De brefs nuages saccadent devant ses lèvres. Ses jambes sont faibles. Ses muscles brûlent. Elle ne veut rien de plus que mettre fin à cette douleur. Affronter ou périr. Plus fuir. Et tant pis si ses os doivent être exposés; ses viscères extirpées de leur cavité; son crâne brisé évidé de sa matière grise.

Le clair de lune fait luire la sueur de sa peau et projette les ombres mouvantes des feuillus qui la surplombent. Tout est calme avant la tempête. Serein. Mais les rais des torches enflent et se déchirent entre les troncs. Sur ces terres ancestrales inviolées, Dieux et Monstres foulent finalement le même humus.

Un souffle sec lui fouette le visage avant qu'un rugissement pareil au tonnerre ne fasse vrombir le plancher sous elle. L'onde de choc plaque la robe à ses courbes. La barrière qu'elle croyait inviolable n'est plus qu'un pathétique bout de métal bosselé et lacéré au sol. Les lampes instantanément braquées sur elle l'aveuglent. Les abîmes des canons se confondent aux silhouettes qui se précipitent.

Des ordres déjà suivis sont jetés. À genoux, elle l'est. Les mains sur la nuque, elle les a. La meute affamée grogne et hurle, se répond, comme une ésotérique célébration de la proie acculée.

« Êtes-vous Émilie Brown?

— Oui. »

Sa voix n'a pas vacillé. Son corps ne tremble pas. Elle est quelque part dans cette forêt. Sous la clarté lunaire esquissée par les trouées des branches. Il ne s'agit plus d'échapper aux plans mal torchés de son frère. Il n'est plus tant question de vie et de mort que de préserver son esprit. À l'abri sous les ramures.

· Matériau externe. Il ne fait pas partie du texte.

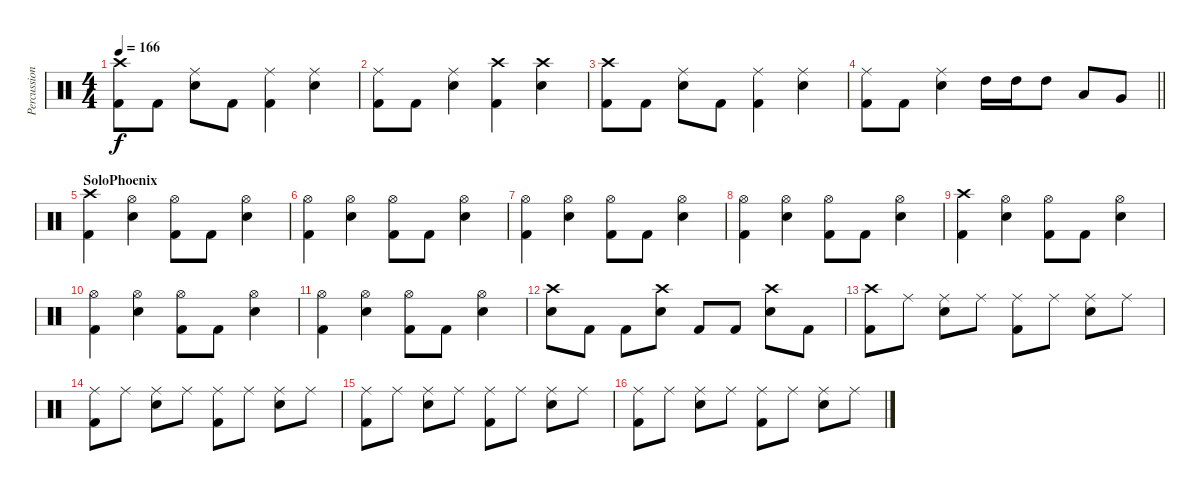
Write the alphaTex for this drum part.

\track ("Percussion" "Percussion") {solo instrument percussion}
\staff {score}
\articulation defaults
\ts (4 4)
\tempo 166
\clef neutral
\ks aminor
("Crash high (hit)" "Kick (hit) 2").8{dy f} "Kick (hit) 2".8 ("Snare (hit) 2" "Ride (middle)").8 "Kick (hit) 2".8 ("Ride (middle)" "Kick (hit) 2").4 ("Snare (hit) 2" "Ride (middle)").4 |
("Ride (middle)" "Kick (hit) 2").8 "Kick (hit) 2".8 ("Snare (hit) 2" "Ride (middle)").4 ("Crash high (hit)" "Kick (hit) 2").4 ("Snare (hit) 2" "Crash high (hit)").4 |
("Crash high (hit)" "Kick (hit) 2").8 "Kick (hit) 2".8 ("Snare (hit) 2" "Ride (middle)").8 "Kick (hit) 2".8 ("Ride (middle)" "Kick (hit) 2").4 ("Snare (hit) 2" "Ride (middle)").4 |
\barLineRight lightlight
("Ride (middle)" "Kick (hit) 2").8 "Kick (hit) 2".8 ("Snare (hit) 2" "Ride (middle)").4 "High Tom (hit)".16 "High Tom (hit)".16 "High Tom (hit)".8 "Low Tom (hit)".8 "Very Low Tom (hit)".8 |
\section ("" "SoloPhoenix")
\ks c
("Crash high (hit)" "Kick (hit) 2").4 ("Hi-Hat (open)" "Snare (hit) 2").4 ("Hi-Hat (open)" "Kick (hit) 2").8 "Kick (hit) 2".8 ("Hi-Hat (open)" "Snare (hit) 2").4 |
("Hi-Hat (open)" "Kick (hit) 2").4 ("Hi-Hat (open)" "Snare (hit) 2").4 ("Hi-Hat (open)" "Kick (hit) 2").8 "Kick (hit) 2".8 ("Hi-Hat (open)" "Snare (hit) 2").4 |
("Hi-Hat (open)" "Kick (hit) 2").4 ("Hi-Hat (open)" "Snare (hit) 2").4 ("Hi-Hat (open)" "Kick (hit) 2").8 "Kick (hit) 2".8 ("Hi-Hat (open)" "Snare (hit) 2").4 |
("Hi-Hat (open)" "Kick (hit) 2").4 ("Hi-Hat (open)" "Snare (hit) 2").4 ("Hi-Hat (open)" "Kick (hit) 2").8 "Kick (hit) 2".8 ("Hi-Hat (open)" "Snare (hit) 2").4 |
("Crash high (hit)" "Kick (hit) 2").4 ("Hi-Hat (open)" "Snare (hit) 2").4 ("Hi-Hat (open)" "Kick (hit) 2").8 "Kick (hit) 2".8 ("Hi-Hat (open)" "Snare (hit) 2").4 |
("Hi-Hat (open)" "Kick (hit) 2").4 ("Hi-Hat (open)" "Snare (hit) 2").4 ("Hi-Hat (open)" "Kick (hit) 2").8 "Kick (hit) 2".8 ("Hi-Hat (open)" "Snare (hit) 2").4 |
("Hi-Hat (open)" "Kick (hit) 2").4 ("Hi-Hat (open)" "Snare (hit) 2").4 ("Hi-Hat (open)" "Kick (hit) 2").8 "Kick (hit) 2".8 ("Hi-Hat (open)" "Snare (hit) 2").4 |
("Crash high (hit)" "Snare (hit) 2").8 "Kick (hit) 2".8 "Kick (hit) 2".8 ("Crash high (hit)" "Snare (hit) 2").8 "Kick (hit) 2".8 "Kick (hit) 2".8 ("Crash high (hit)" "Snare (hit) 2").8 "Kick (hit) 2".8 |
("Crash high (hit)" "Kick (hit) 2").8 "Ride (middle)".8 ("Ride (middle)" "Snare (hit) 2").8 "Ride (middle)".8 ("Ride (middle)" "Kick (hit) 2").8 "Ride (middle)".8 ("Ride (middle)" "Snare (hit) 2").8 "Ride (middle)".8 |
("Ride (middle)" "Kick (hit) 2").8 "Ride (middle)".8 ("Ride (middle)" "Snare (hit) 2").8 "Ride (middle)".8 ("Ride (middle)" "Kick (hit) 2").8 "Ride (middle)".8 ("Ride (middle)" "Snare (hit) 2").8 "Ride (middle)".8 |
\ks aminor
("Ride (middle)" "Kick (hit) 2").8 "Ride (middle)".8 ("Ride (middle)" "Snare (hit) 2").8 "Ride (middle)".8 ("Ride (middle)" "Kick (hit) 2").8 "Ride (middle)".8 ("Ride (middle)" "Snare (hit) 2").8 "Ride (middle)".8 |
("Ride (middle)" "Kick (hit) 2").8 "Ride (middle)".8 ("Ride (middle)" "Snare (hit) 2").8 "Ride (middle)".8 ("Ride (middle)" "Kick (hit) 2").8 "Ride (middle)".8 ("Ride (middle)" "Snare (hit) 2").8 "Ride (middle)".8
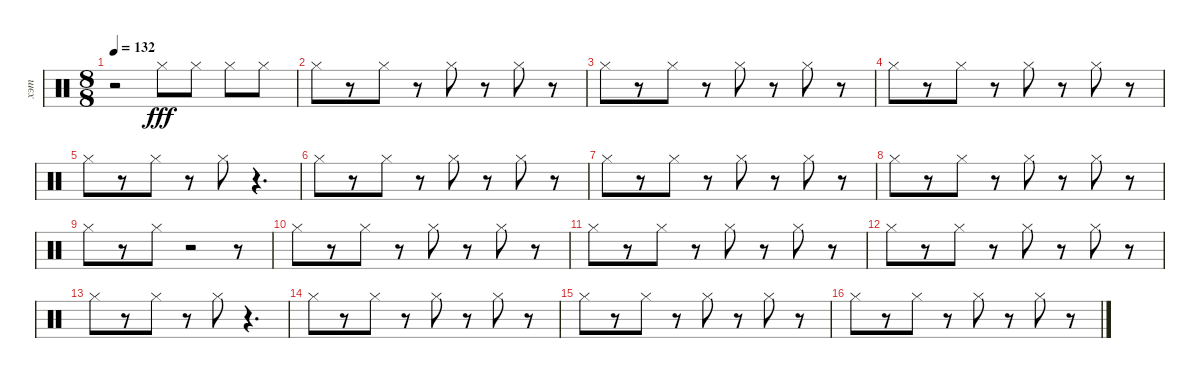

La barre d'un bâillon force l'accès entre ses mâchoires. L'attache se mêle à ses cheveux et les arrache à son crâne. Ses bras sont tordus et ses poignets enchaînés dans le dos. Pas de dernière vision: elle emporte l'atmosphère nocturne des frondaisons sous le sac noir qui l'aveugle.

Le black bag étrangle et ricoche le bruissement de son propre sang à ses oreilles. Sa carcasse est soulevée. L'un de ses talons se perd. Elle ne touche plus terre. Ces mains abruptes sont provisoirement l'unique contact avec la tangibilité de ses sens oblitérés.

Le grésillement des radios et le martèlement des combat shoes ne sont que de lointains bourdonnements étouffés par la masse océanique où la privation sensorielle la plonge. Si bien qu'elle sursaute lorsque ses cuisses rencontrent le froid pénétrant du métal. La sensation glacée transperce rapidement son sous-vêtement. Ses fesses transies font remonter un interminable frisson le long de sa colonne.

Ses membres sont scellés à des chaînes. Son cou est entravé aux fers qui lui calent la tête, les coudes, les épaules, à la carrosserie nue. Les souffles entre ses dents sifflent autour du bâillon, rebondissent sur la toile. Ils lui reviennent, tonitruants, brûlants et humides. Bataillés. Leur moiteur couvre son visage. Elle perle et gèle à chaque inspiration et sature à nouveau à chaque expiration.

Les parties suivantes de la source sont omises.